With the start of a brand new year, new personal and professional goals, and a ‘blank slate’ to begin a new chapter, it may be an excellent opportunity to evaluate how you are teaching your children about money, goal-setting and responsibility (for their future). Forward-thinking financial education has evolved beyond the traditional “allowance” to more sophisticated “real life” lessons in how money is earned, saved and spent.

Below is a great interview with a New York Times columnist and the owner of YNAB (You Need A Budget which is a fantastic personal budgeting app) about allowances and how to talk to your kids about money.
While I wouldn’t say I agree with everything they are saying in this article, it is a unique perspective.

Just a few months ago, I started profit-sharing with my two young kids. I have learned from being a bookkeeper for the last 11 years, and a restaurateur before that, that profit means very different things to different people. My idea of profit has changed dramatically ever since I learned about and became Master Certified in Profit First – a cash management system for businesses that is simple yet transformative.
In the past, I more viewed profit as a number on a piece of paper that could give me bragging rights (or make me cringe) and that it had some tax implications, but nothing much more than that.

However now, profit for me has a whole new meaning. It is actually money in a bank account and that money is proof that I’m doing a good job in running my business. And that kind of proof, or validation, inspires me to do even more, even better, and that is why my business continues to grow and be successful.

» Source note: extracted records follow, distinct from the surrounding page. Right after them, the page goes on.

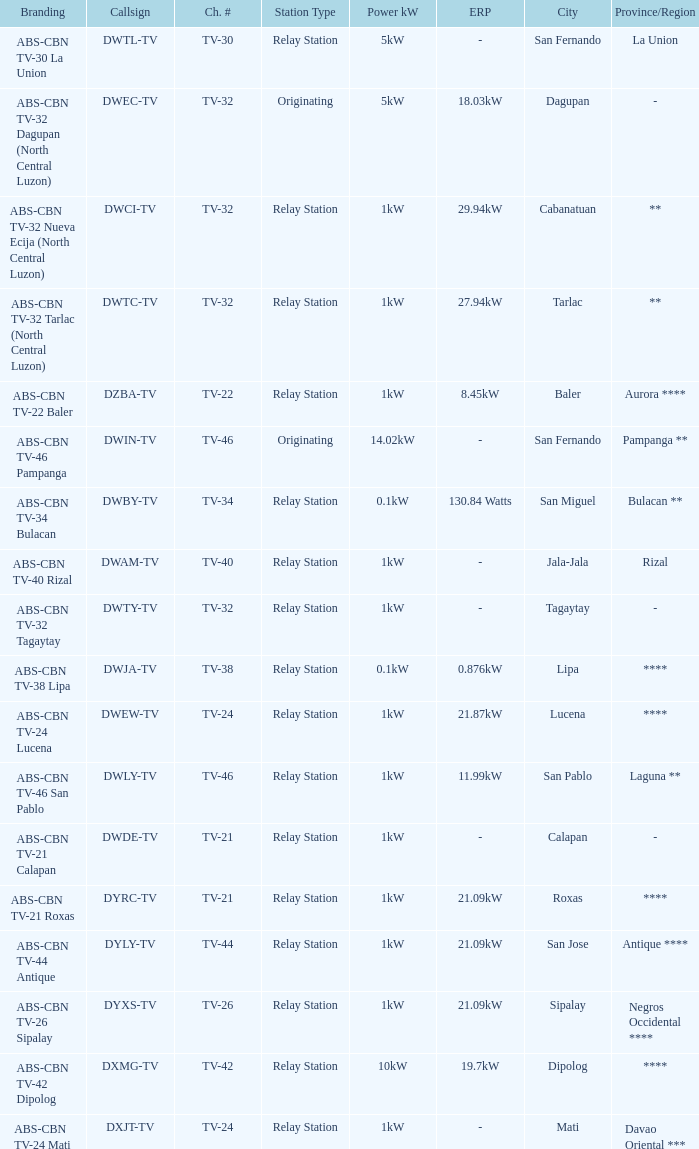How many identifications exist where the power kw (erp) is 1kw (2 1.0. 
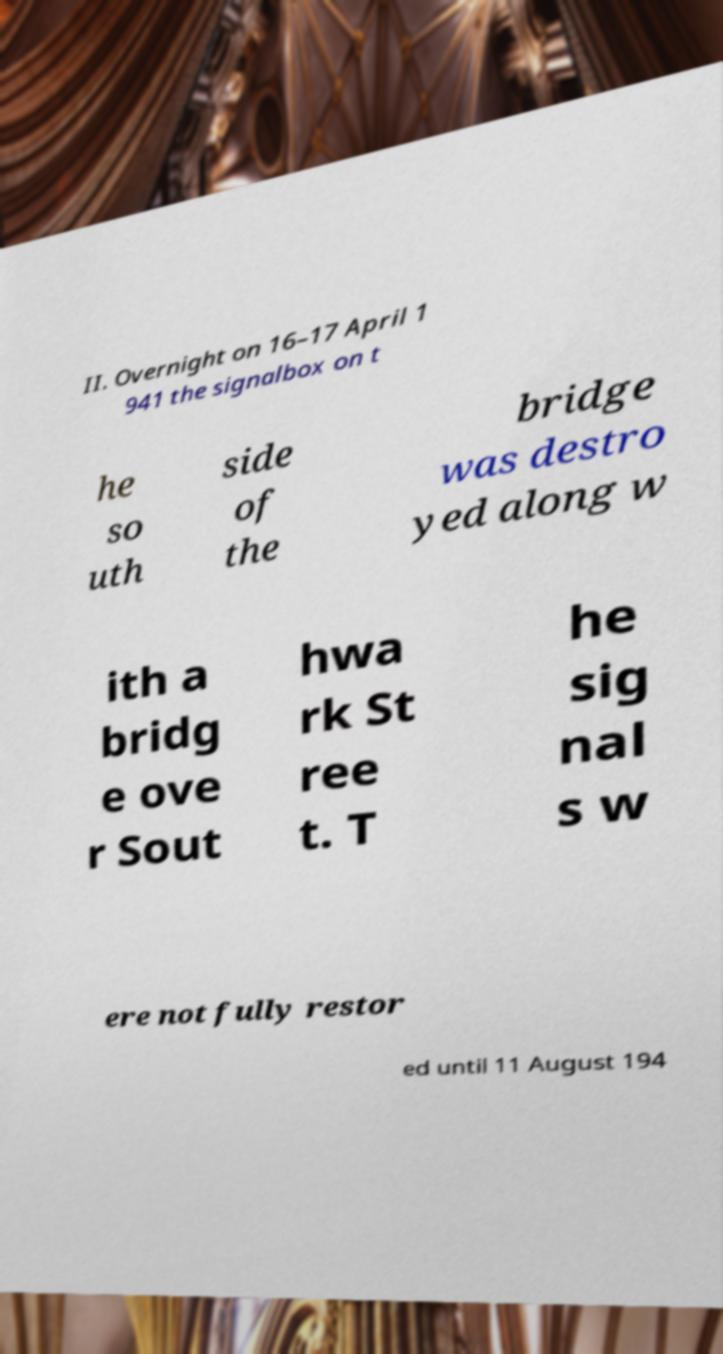Could you assist in decoding the text presented in this image and type it out clearly? II. Overnight on 16–17 April 1 941 the signalbox on t he so uth side of the bridge was destro yed along w ith a bridg e ove r Sout hwa rk St ree t. T he sig nal s w ere not fully restor ed until 11 August 194 
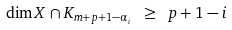<formula> <loc_0><loc_0><loc_500><loc_500>\dim X \cap K _ { m + p + 1 - \alpha _ { i } } \ \geq \ p + 1 - i</formula> 
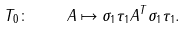Convert formula to latex. <formula><loc_0><loc_0><loc_500><loc_500>T _ { 0 } \colon \quad A \mapsto \sigma _ { 1 } \tau _ { 1 } A ^ { T } \sigma _ { 1 } \tau _ { 1 } .</formula>

But, part of doing more and better means that I am always “on”, always thinking of ways to improve, advance, grow both professionally and personally and help my employees to grow personally and professionally as well. In other words, I don’t have a 40+ hour a week job, I own my lifestyle and both my business and my kids are within that lifestyle. They are definitely part of what inspires me, what I want to teach them, and how I want them to be as proud of me as I am of them. For these reasons and more I have decided to have them share in my quarterly profit distributions, they receive 1%, or .5% each.

I had a focused discussion with my kids about business, about basic income and expenses, and the jobs we provide for others, and about giving back. We then discussed what profit was and why I wanted to share that with them – why it made me better, us as a family better, and that basically working hard, doing the right thing by others, and giving back, can have its rewards.

The actual money they receive goes into their respective savings accounts – which we have strict parameters on how money is spent from these accounts – but that’s for another post!